Data records:
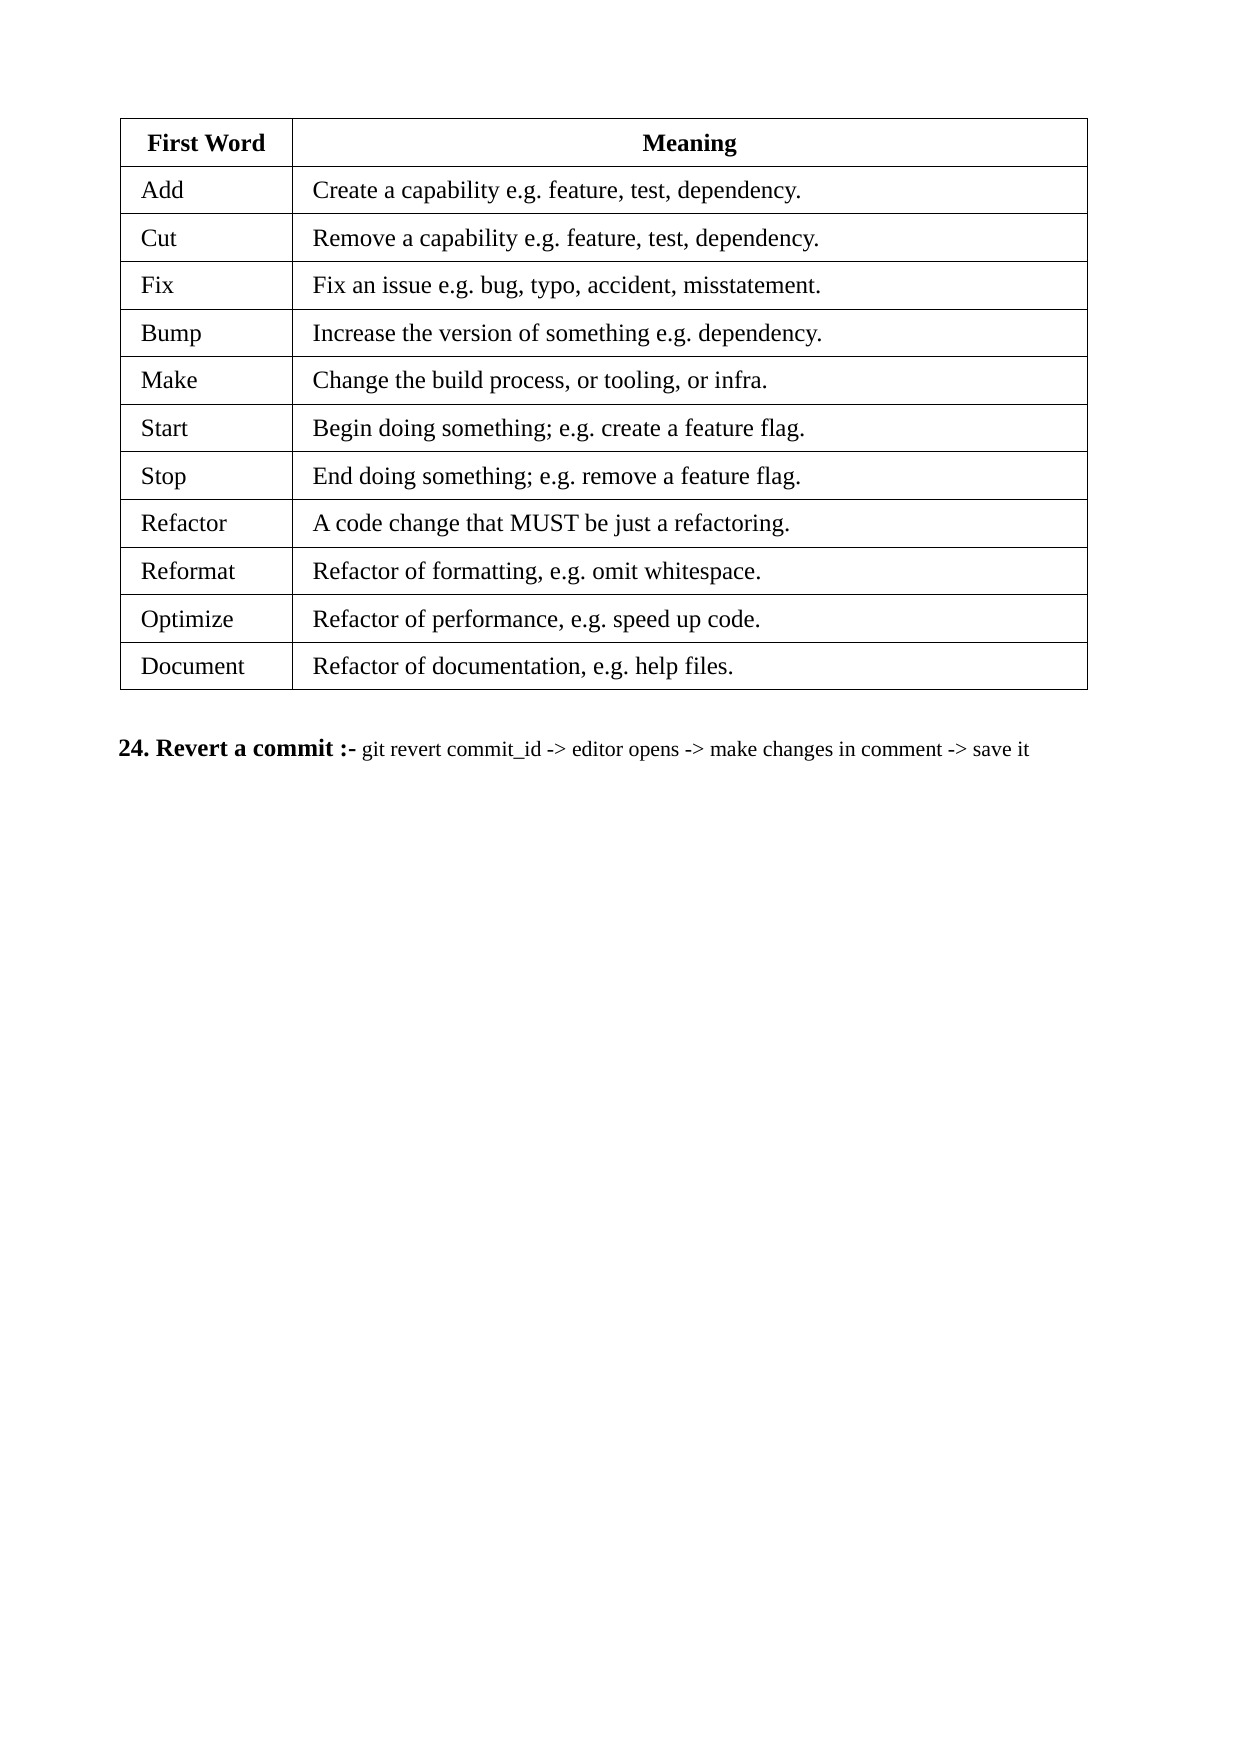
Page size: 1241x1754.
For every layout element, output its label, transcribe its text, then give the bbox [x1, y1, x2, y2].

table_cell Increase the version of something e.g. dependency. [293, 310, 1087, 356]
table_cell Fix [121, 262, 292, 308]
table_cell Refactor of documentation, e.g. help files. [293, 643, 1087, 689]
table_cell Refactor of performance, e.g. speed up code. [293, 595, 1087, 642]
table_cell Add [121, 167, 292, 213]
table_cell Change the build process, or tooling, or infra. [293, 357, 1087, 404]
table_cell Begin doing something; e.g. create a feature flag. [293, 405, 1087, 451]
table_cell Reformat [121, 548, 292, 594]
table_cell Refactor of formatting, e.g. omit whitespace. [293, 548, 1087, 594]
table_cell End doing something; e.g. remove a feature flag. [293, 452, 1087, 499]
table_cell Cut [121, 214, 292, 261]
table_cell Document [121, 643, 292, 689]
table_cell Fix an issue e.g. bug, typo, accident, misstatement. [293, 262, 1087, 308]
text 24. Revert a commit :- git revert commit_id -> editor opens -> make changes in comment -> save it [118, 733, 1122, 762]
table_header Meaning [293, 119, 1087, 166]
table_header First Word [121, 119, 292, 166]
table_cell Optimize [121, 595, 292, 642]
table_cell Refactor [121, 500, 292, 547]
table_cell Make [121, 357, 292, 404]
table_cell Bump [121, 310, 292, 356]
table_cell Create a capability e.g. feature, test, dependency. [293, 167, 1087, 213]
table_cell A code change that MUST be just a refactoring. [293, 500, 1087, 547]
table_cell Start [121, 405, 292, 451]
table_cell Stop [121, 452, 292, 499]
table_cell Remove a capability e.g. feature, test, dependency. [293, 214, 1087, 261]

*Exercise aim:*
Exactly as they appear, please return only the lines from the first line of the records through the line containing "table_cell Fix an", both included, leaving out all pictures.

*Your response:*
Page size: 1241x1754.
For every layout element, output its label, transcribe its text, then give the bbox [x1, y1, x2, y2].

table_cell Increase the version of something e.g. dependency. [293, 310, 1087, 356]
table_cell Fix [121, 262, 292, 308]
table_cell Refactor of documentation, e.g. help files. [293, 643, 1087, 689]
table_cell Refactor of performance, e.g. speed up code. [293, 595, 1087, 642]
table_cell Add [121, 167, 292, 213]
table_cell Change the build process, or tooling, or infra. [293, 357, 1087, 404]
table_cell Begin doing something; e.g. create a feature flag. [293, 405, 1087, 451]
table_cell Reformat [121, 548, 292, 594]
table_cell Refactor of formatting, e.g. omit whitespace. [293, 548, 1087, 594]
table_cell End doing something; e.g. remove a feature flag. [293, 452, 1087, 499]
table_cell Cut [121, 214, 292, 261]
table_cell Document [121, 643, 292, 689]
table_cell Fix an issue e.g. bug, typo, accident, misstatement. [293, 262, 1087, 308]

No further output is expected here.